Overall, this was a fast read for anyone looking to think critically about the media we consume on a daily basis. Movies like Pretty Women, Knocked Up, Thelma and Louise, The Stepford Wives... TV shows like Mad Men, The Bachelor, Inside Amy Schumer... All are dissected and analyzed critically. Carina Chocano had a career as a movie critic. Almost every essay uses TV/film examples to illuminate her thoughts.
Here's what I didn't like...
1. Chocano paints a vivid picture of the roles assigned to heterosexual, white women. No essay in this book includes examples of women of color or women in the LGBT+ community and how they are portrayed in films/television. Why did The Princess and the Frog perform poorly in the box office compared to Frozen, Tangled, and others? If white women are assigned roles in Hollywood and elsewhere, what roles are assigned to non-white women? She talks briefly about women in the sex industry -- particularly Playboy -- but how are lesbians portrayed in porn and male-consumed media? Chocano missed a huge opportunity here.

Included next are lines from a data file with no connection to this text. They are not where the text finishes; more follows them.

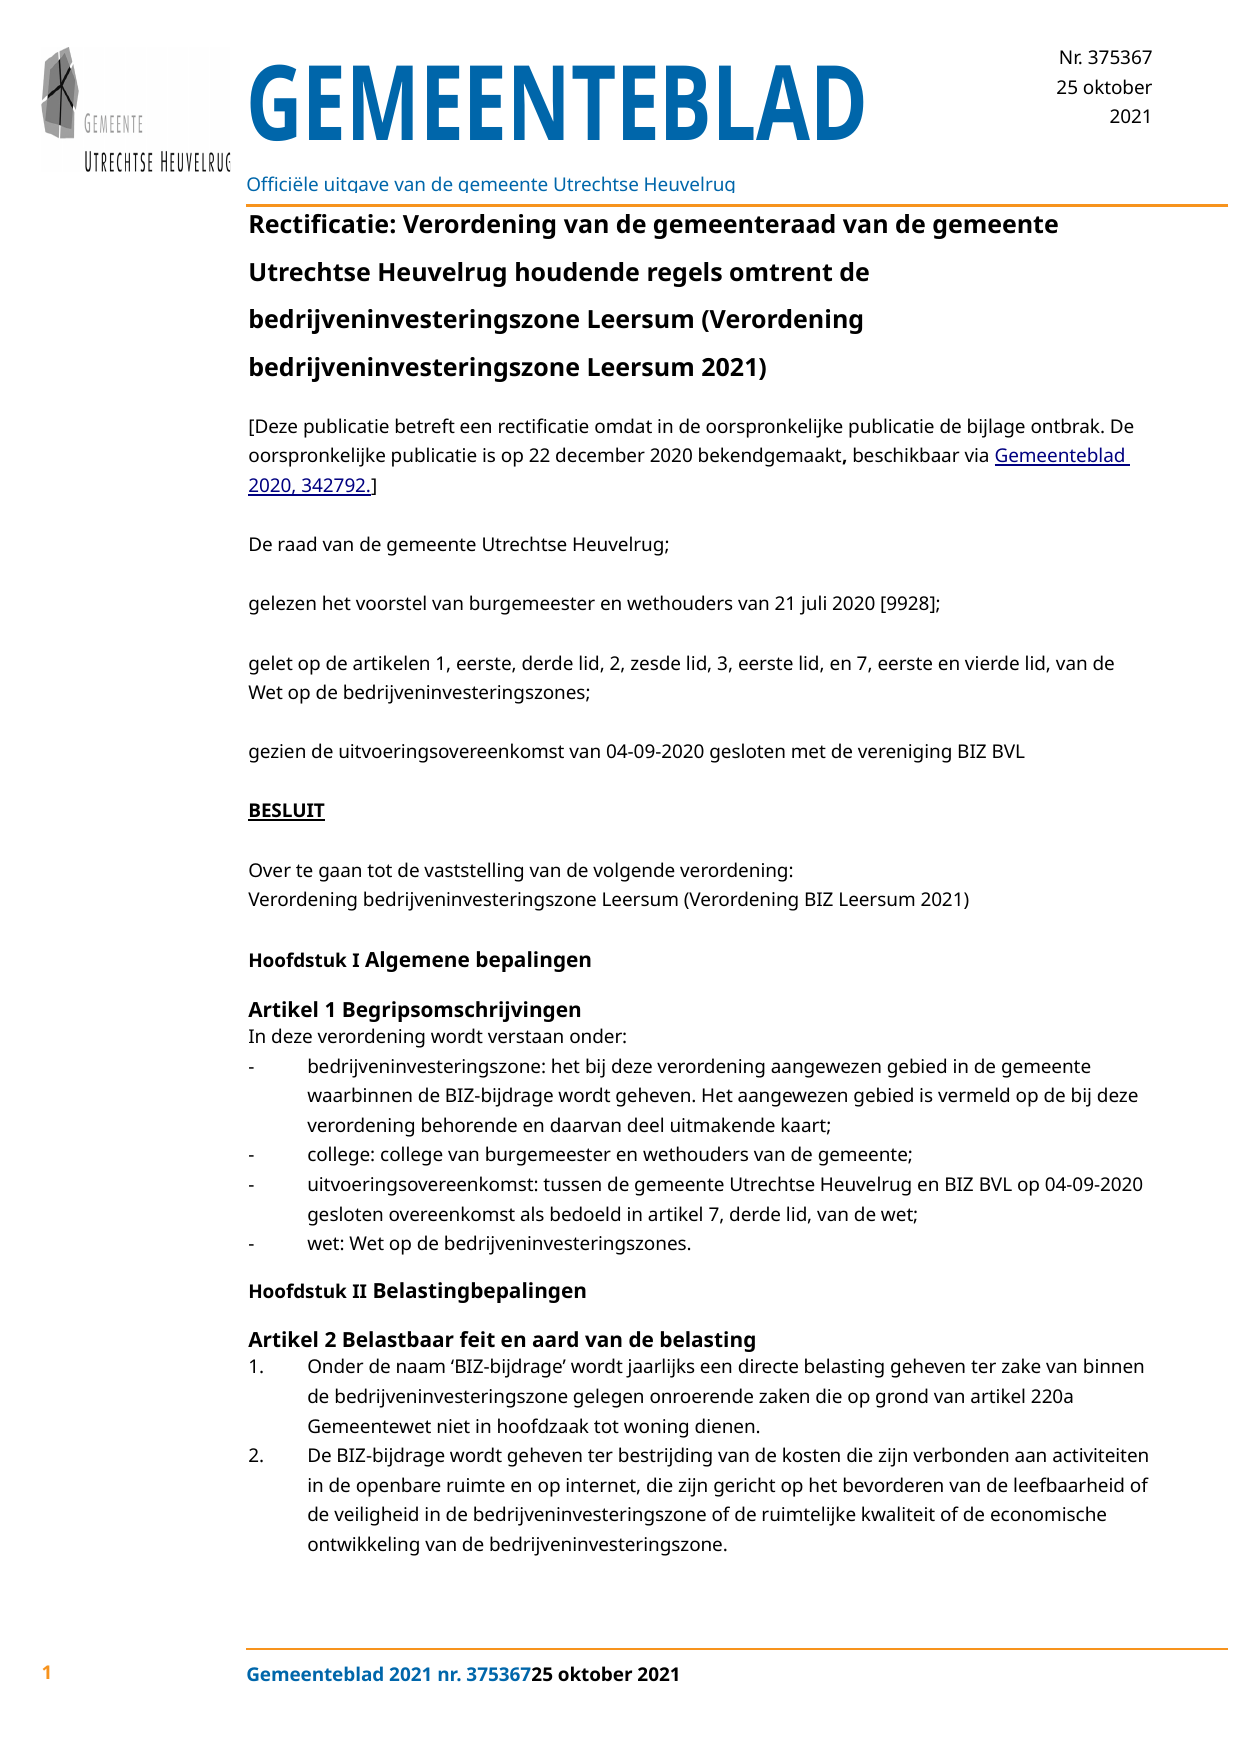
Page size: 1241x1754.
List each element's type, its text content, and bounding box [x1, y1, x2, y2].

list uitvoeringsovereenkomst: tussen de gemeente Utrechtse Heuvelrug en BIZ BVL op 04-09-2020 gesloten overeenkomst als bedoeld in artikel 7, derde lid, van de wet; [248, 1171, 1152, 1227]
text Hoofdstuk I Algemene bepalingen [248, 946, 1152, 974]
list wet: Wet op de bedrijveninvesteringszones. [248, 1230, 1152, 1256]
list De BIZ-bijdrage wordt geheven ter bestrijding van de kosten die zijn verbonden aan activiteiten in de openbare ruimte en op internet, die zijn gericht op het bevorderen van de leefbaarheid of de veiligheid in de bedrijveninvesteringszone of de ruimtelijke kwaliteit of de economische ontwikkeling van de bedrijveninvesteringszone. [248, 1442, 1152, 1557]
text Verordening bedrijveninvesteringszone Leersum (Verordening BIZ Leersum 2021) [248, 886, 1152, 912]
text Rectificatie: Verordening van de gemeenteraad van de gemeente Utrechtse Heuvelrug houdende regels omtrent de bedrijveninvesteringszone Leersum (Verordening bedrijveninvesteringszone Leersum 2021) [248, 207, 1152, 384]
text In deze verordening wordt verstaan onder: [248, 1023, 1152, 1049]
text Artikel 2 Belastbaar feit en aard van de belasting [248, 1325, 1152, 1354]
text Hoofdstuk II Belastingbepalingen [248, 1276, 1152, 1304]
text gezien de uitvoeringsovereenkomst van 04-09-2020 gesloten met de vereniging BIZ BVL [248, 738, 1152, 764]
text gelet op de artikelen 1, eerste, derde lid, 2, zesde lid, 3, eerste lid, en 7, eerste en vierde lid, van de Wet op de bedrijveninvesteringszones; [248, 650, 1152, 705]
text gelezen het voorstel van burgemeester en wethouders van 21 juli 2020 [9928]; [248, 591, 1152, 616]
list bedrijveninvesteringszone: het bij deze verordening aangewezen gebied in de gemeente waarbinnen de BIZ-bijdrage wordt geheven. Het aangewezen gebied is vermeld op de bij deze verordening behorende en daarvan deel uitmakende kaart; [248, 1053, 1152, 1138]
text [Deze publicatie betreft een rectificatie omdat in de oorspronkelijke publicatie de bijlage ontbrak. De oorspronkelijke publicatie is op 22 december 2020 bekendgemaakt, beschikbaar via Gemeenteblad 2020, 342792.] [248, 413, 1152, 498]
text Over te gaan tot de vaststelling van de volgende verordening: [248, 857, 1152, 883]
list college: college van burgemeester en wethouders van de gemeente; [248, 1142, 1152, 1167]
text De raad van de gemeente Utrechtse Heuvelrug; [248, 531, 1152, 557]
picture [41, 47, 231, 172]
text Artikel 1 Begripsomschrijvingen [248, 995, 1152, 1023]
list Onder de naam ‘BIZ-bijdrage’ wordt jaarlijks een directe belasting geheven ter zake van binnen de bedrijveninvesteringszone gelegen onroerende zaken die op grond van artikel 220a Gemeentewet niet in hoofdzaak tot woning dienen. [248, 1354, 1152, 1439]
text BESLUIT [248, 798, 1152, 823]
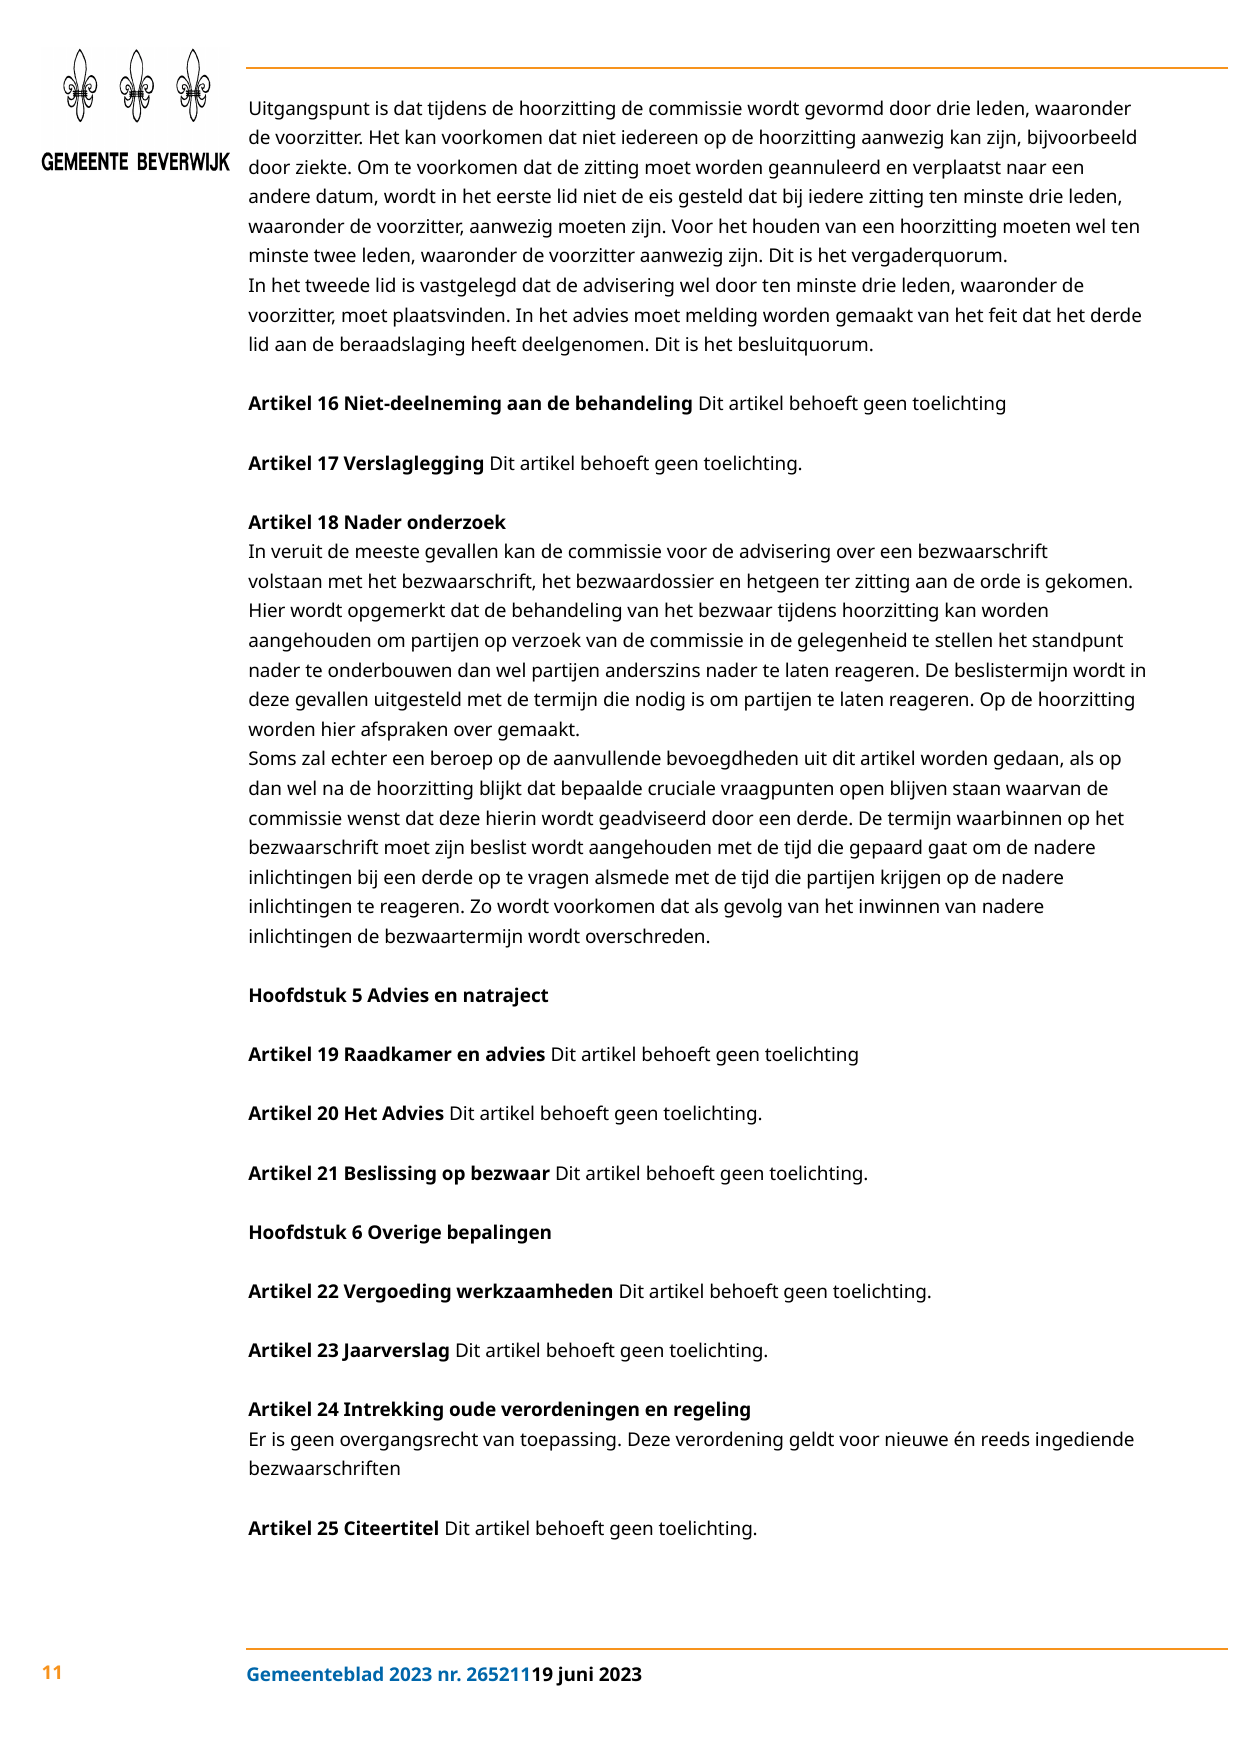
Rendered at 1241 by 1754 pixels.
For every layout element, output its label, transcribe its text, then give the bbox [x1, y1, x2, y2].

text Hoofdstuk 6 Overige bepalingen [248, 1219, 1152, 1245]
text Artikel 22 Vergoeding werkzaamheden Dit artikel behoeft geen toelichting. [248, 1278, 1152, 1304]
text Artikel 23 Jaarverslag Dit artikel behoeft geen toelichting. [248, 1337, 1152, 1363]
text Er is geen overgangsrecht van toepassing. Deze verordening geldt voor nieuwe én reeds ingediende bezwaarschriften [248, 1426, 1152, 1481]
text Artikel 19 Raadkamer en advies Dit artikel behoeft geen toelichting [248, 1041, 1152, 1067]
text In veruit de meeste gevallen kan de commissie voor de advisering over een bezwaarschrift [248, 538, 1152, 564]
text Artikel 18 Nader onderzoek [248, 509, 1152, 535]
text Artikel 17 Verslaglegging Dit artikel behoeft geen toelichting. [248, 450, 1152, 476]
text Artikel 20 Het Advies Dit artikel behoeft geen toelichting. [248, 1101, 1152, 1126]
text Artikel 21 Beslissing op bezwaar Dit artikel behoeft geen toelichting. [248, 1160, 1152, 1186]
text volstaan met het bezwaarschrift, het bezwaardossier en hetgeen ter zitting aan de orde is gekomen. Hier wordt opgemerkt dat de behandeling van het bezwaar tijdens hoorzitting kan worden aangehouden om partijen op verzoek van de commissie in de gelegenheid te stellen het standpunt nader te onderbouwen dan wel partijen anderszins nader te laten reageren. De beslistermijn wordt in deze gevallen uitgesteld met de termijn die nodig is om partijen te laten reageren. Op de hoorzitting worden hier afspraken over gemaakt. [248, 568, 1152, 742]
text In het tweede lid is vastgelegd dat de advisering wel door ten minste drie leden, waaronder de voorzitter, moet plaatsvinden. In het advies moet melding worden gemaakt van het feit dat het derde lid aan de beraadslaging heeft deelgenomen. Dit is het besluitquorum. [248, 272, 1152, 357]
text Hoofdstuk 5 Advies en natraject [248, 982, 1152, 1008]
text Artikel 25 Citeertitel Dit artikel behoeft geen toelichting. [248, 1515, 1152, 1541]
picture [41, 47, 231, 172]
text Artikel 24 Intrekking oude verordeningen en regeling [248, 1396, 1152, 1422]
text Uitgangspunt is dat tijdens de hoorzitting de commissie wordt gevormd door drie leden, waaronder de voorzitter. Het kan voorkomen dat niet iedereen op de hoorzitting aanwezig kan zijn, bijvoorbeeld door ziekte. Om te voorkomen dat de zitting moet worden geannuleerd en verplaatst naar een andere datum, wordt in het eerste lid niet de eis gesteld dat bij iedere zitting ten minste drie leden, waaronder de voorzitter, aanwezig moeten zijn. Voor het houden van een hoorzitting moeten wel ten minste twee leden, waaronder de voorzitter aanwezig zijn. Dit is het vergaderquorum. [248, 95, 1152, 268]
text Artikel 16 Niet-deelneming aan de behandeling Dit artikel behoeft geen toelichting [248, 391, 1152, 416]
text Soms zal echter een beroep op de aanvullende bevoegdheden uit dit artikel worden gedaan, als op dan wel na de hoorzitting blijkt dat bepaalde cruciale vraagpunten open blijven staan waarvan de commissie wenst dat deze hierin wordt geadviseerd door een derde. De termijn waarbinnen op het bezwaarschrift moet zijn beslist wordt aangehouden met de tijd die gepaard gaat om de nadere inlichtingen bij een derde op te vragen alsmede met de tijd die partijen krijgen op de nadere inlichtingen te reageren. Zo wordt voorkomen dat als gevolg van het inwinnen van nadere inlichtingen de bezwaartermijn wordt overschreden. [248, 746, 1152, 949]

2. Most of her essays had excellent thesis statements. But most of them fell flat. I would come across the final few paragraphs of the piece, thinking, "She's going to end this with a bang!" And she wouldn't. Most of her essays involved facts, facts, facts, minor opinion, facts, end. I finished some of the essays like, "I genuinely don't know how Chocano feels about this." The Amy Schumer chapter, for instance. Halfway through the piece, she's criticizing Trainwreck, then she's praising Inside Amy Schumer, then she's praising Trainwreck. It brought up some great points that reaffirmed my love of Inside Amy Schumer but just didn't feel cohesive. Does Chocano think Amy is a feminist we should look up to or simply an unrelatable woman looking to cash in on being a hot mess? I genuinely don't know. (My personal thoughts are a combo of the two, leaning more toward the former, but I'm not the one who wrote a book here.)
3. The Frozen essay. This one got on my nerves.
•In one chapter, Chocano is praising women for being openly sexual and themselves. In this one, she sees Elsa's transition into a "sexy" outfit during 'Let It Go' as out-of-touch. "[Highly stylized hotness] demonstrates how transforming yourself into a trophy is a good outlet for any strength of will or creativity you may have been cursed with at birth... It teaches girls that self-objectification is a great strategy for neutralizing the qualities others may find threatening, and deflects attention away from them." Or perhaps Elsa's stripping of her coats symbolizes her acceptance of her powers -- "The cold never bothered me anyway" -- and her attractive new getup displays her newfound confidence and empowerment, which is synonymous with her femininity rather than her masculine/gender-neutral attributes (as the empowered Mulan and Merida have displayed in their respective films). Plus, don't we want to empower our daughters that the most "beautiful" women are the ones that are empowered and truly themselves? Materializing this inner beauty into outer beauty gives our daughters multiple reasons to say, "I want to be like Elsa!"
•As for the language of 'Let It Go,' Chocano says, "Is she submitting or rebelling? 'Let it go' isn't what anybody says when they want to encourage you to own your strength... It's what people say to other people when they want them to get over themselves, to move on, give up. 'Let it go' is silencing." Actually, letting go can be quite empowering for some people. For people with anxiety, letting go means not sweating the small stuff, not allowing what people think to ruin their whole day. For others, letting go can be ignoring other people's thoughts and preconceptions about them, so they can be themselves. Elsa is telling herself to let it go. In fact, this is one of the first times in her life she isn't being told what to do. 'Let It Go' is the modern-day 'Hakuna Matata,' but with a powerhouse vocalist and catchier melody.
•Chocano considered it non-feminist of Elsa to return to her sister rather than living independently and creatively. This, to me, is interesting, as one of the essays in the book talks about how Disney princesses' villains are almost always female because, well, female rivalry. To me, Frozen is a breath of fresh air. The whole ending involves the mending of a relationship between two females. Sure, Kristof is there, but it's clear that Anna and Elsa's relationship trumps Anna's relationship with Kristof. Rather than pitting women against each other (Rapunzel vs. Mother Gothel, Cinderella vs. stepmother, Ariel vs. Ursula, Aurora vs. Malificent, etc.), Disney has finally pushed for female empowerment in the form of female bonding.
It's not that I disliked this book. I didn't. It's simply that I expected more.